Гарибальди продолжил осмотр берлоги монстра. Нити, оставленные Бестером в Томпсоне, никуда не вели — или, точнее говоря, они вели куда угодно, кроме настоящего следа Бестера. При желании этот человек умел становиться призраком. Он мог копаться в головах у людей, заставляя забывать, заставляя вспоминать вещи, которые никогда не происходили. 
Заставляя их делать то, чего они никогда не хотели делать. 
Гарибальди пытался проследить денежные переводы. Бестеру, чтобы так передвигаться, нужны были деньги, но даже внушительные ресурсы Edgars Industries оказались недостаточны. Некоторые банки и впрямь были недоступны, неподкупны, неподвластны ему, каким бы ненормальным и непостижимым это ни казалось. 
И что же оставалось выискивать? След из трупов? Бестер был так же осторожен и в этом, по обыкновению. Опять–таки, вроде бы похоже на то, что он пустился в бега. Обнадеживающий признак. 
— Что вы ищете, мистер Гарибальди? 
— Не знаю. Что–нибудь. Что угодно. Ты–то как? Не улавливаешь какой–нибудь — не знаю — пси–знак? 
— Нет, ничего. Сильные телепаты иногда оставляют их, это верно, но они не держатся долго. Часы, может быть день. Тут нет ничего такого. 
— Черт, — он подошел к буфету из полированного коралла и принялся выдвигать ящики. Ничего. Поискал под матрасом. Ничего. 
Он полез шарить под кроватью — и его пальцы коснулись чего–то маленького, холодного, гладкого. 
— Что это? — он вынул из кармана платок и полез снова, а вылез с маленьким цилиндром. 
— Это ампула, — хмыкнул он. Встал и посмотрел предмет на свет. — Какое–то лекарство. 
— Это должно быть прямо по вашей части. 
— Или к моей выгоде, во всяком случае. Ага, я знаю парня, которому хочу дать это посмотреть. И, Томпсон, я не хочу, чтобы ты говорил кому–либо об этом — понимаешь? Теперь это только наш маленький секрет. 
— Понял. 

Найлс Дреннан был маленький упертый молодой человек, какого никак нельзя представить себе проколовшимся или прикалывающимся. Гарибальди он не нравился, но он был одним из лучших действующих специалистов по синтезу. 
Его работа заключалась в том, чтобы проверять разного рода народные снадобья из тысяч миров и пытаться выделить их активные ингредиенты. Последнее время он больше обрабатывал разнообразные биогенетические материалы, охотясь за средством от вируса дракхов. 
На деле он был вроде алхимика–инквизитора, который мог вытянуть секрет из любого соединения, какое ему дадут, неважно, сколь чуждого или сложного. Так что Гарибальди, в общем, не заботило, какими принципами тот руководствуется в своей жизни. 

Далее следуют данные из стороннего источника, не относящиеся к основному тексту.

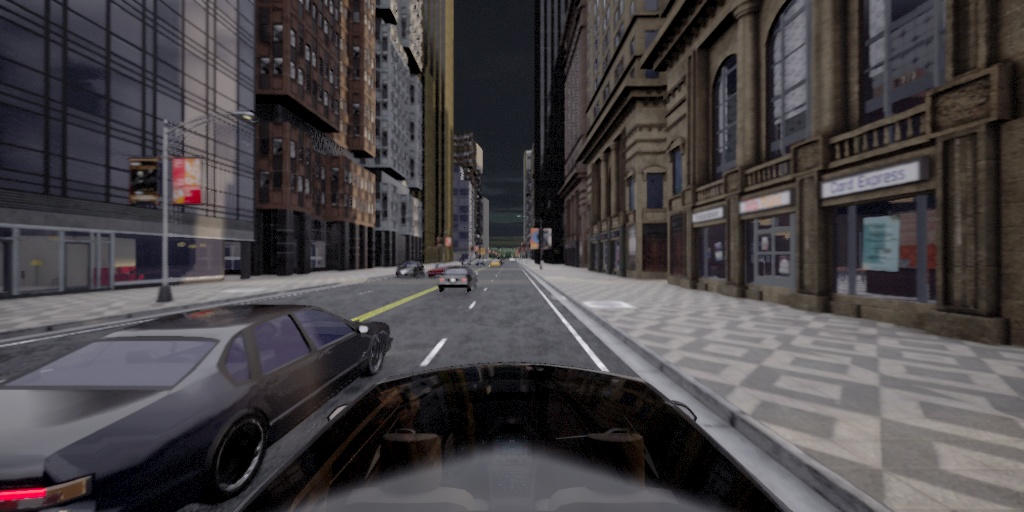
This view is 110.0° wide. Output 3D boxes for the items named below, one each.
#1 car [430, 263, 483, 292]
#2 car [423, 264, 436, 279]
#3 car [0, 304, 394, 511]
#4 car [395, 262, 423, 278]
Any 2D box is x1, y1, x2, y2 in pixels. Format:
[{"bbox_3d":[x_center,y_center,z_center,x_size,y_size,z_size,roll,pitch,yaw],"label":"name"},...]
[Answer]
[{"bbox_3d":[-3.148,1.333,21.569,2.033,1.411,5.357,0,0,0],"label":"car"},{"bbox_3d":[-6.593,1.411,33.780,1.895,1.301,4.718,0,0,0],"label":"car"},{"bbox_3d":[-3.148,1.302,4.328,2.033,1.411,5.357,0,0,0],"label":"car"},{"bbox_3d":[-9.838,1.306,34.962,2.128,1.511,4.902,0,0,0],"label":"car"}]

— Это рибосилас холина. Контролирует выделение определенных запрещенных медиаторов или нейрогормонов. 
— Что бы это значило? По–английски? На незамысловатом английском. 

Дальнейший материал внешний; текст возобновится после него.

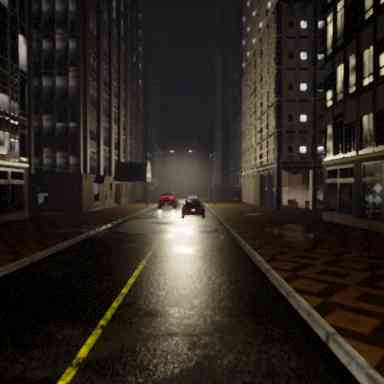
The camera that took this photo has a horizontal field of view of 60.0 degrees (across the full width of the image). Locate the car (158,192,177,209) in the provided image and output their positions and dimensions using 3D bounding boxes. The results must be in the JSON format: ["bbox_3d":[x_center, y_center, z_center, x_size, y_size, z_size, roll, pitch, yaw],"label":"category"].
[{"bbox_3d":[-3.010,1.019,41.955,2.150,2.045,5.566,0,0,0],"label":"car"}]

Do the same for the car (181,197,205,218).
[{"bbox_3d":[0.099,1.417,28.772,1.994,1.385,4.181,0,0,0],"label":"car"}]

— Много ли вы знаете о нейронах? 
— На уровне шестого шестого класса. 
— Хм... Ну–с, нервы часто уподобляют проводам или какой–либо другой линейной проводящей системе. Это плохая аналогия по ряду причин. Нервная система — головной мозг, спинной мозг, сенсорные и моторные нервы — все это связано через специальные клетки, называемые нейронами. Но нейроны, строго говоря, не действуют как проводники. Они действуют как генераторы — в том смысле, что каждый создает собственный электрический импульс.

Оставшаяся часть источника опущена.